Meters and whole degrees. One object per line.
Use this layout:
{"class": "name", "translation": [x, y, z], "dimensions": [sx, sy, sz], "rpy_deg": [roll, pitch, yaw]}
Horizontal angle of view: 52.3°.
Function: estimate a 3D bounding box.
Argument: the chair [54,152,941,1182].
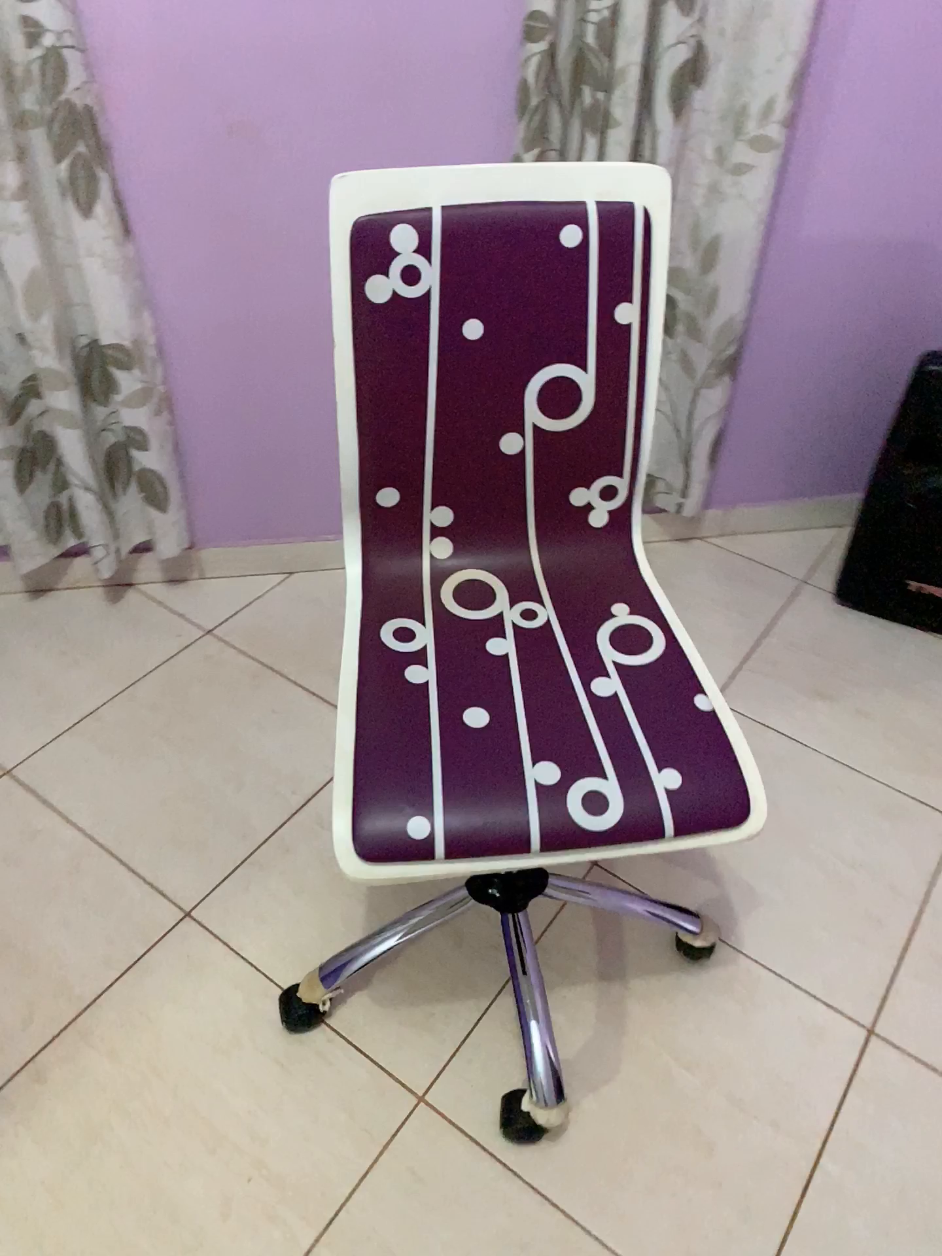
{"class": "chair", "translation": [0.070, 0.085, 1.114], "dimensions": [0.685, 1.005, 0.625], "rpy_deg": [-2, 42, -5]}

■ ■ ■

Instructions for the task – Write out exactly, and nothing more than, the lines of the entries above from the line containing "Horizontal angle of view: 52.3°." through the final line; omit any pictures.

Written response –
Horizontal angle of view: 52.3°.
Function: estimate a 3D bounding box.
Argument: the chair [54,152,941,1182].
{"class": "chair", "translation": [0.070, 0.085, 1.114], "dimensions": [0.685, 1.005, 0.625], "rpy_deg": [-2, 42, -5]}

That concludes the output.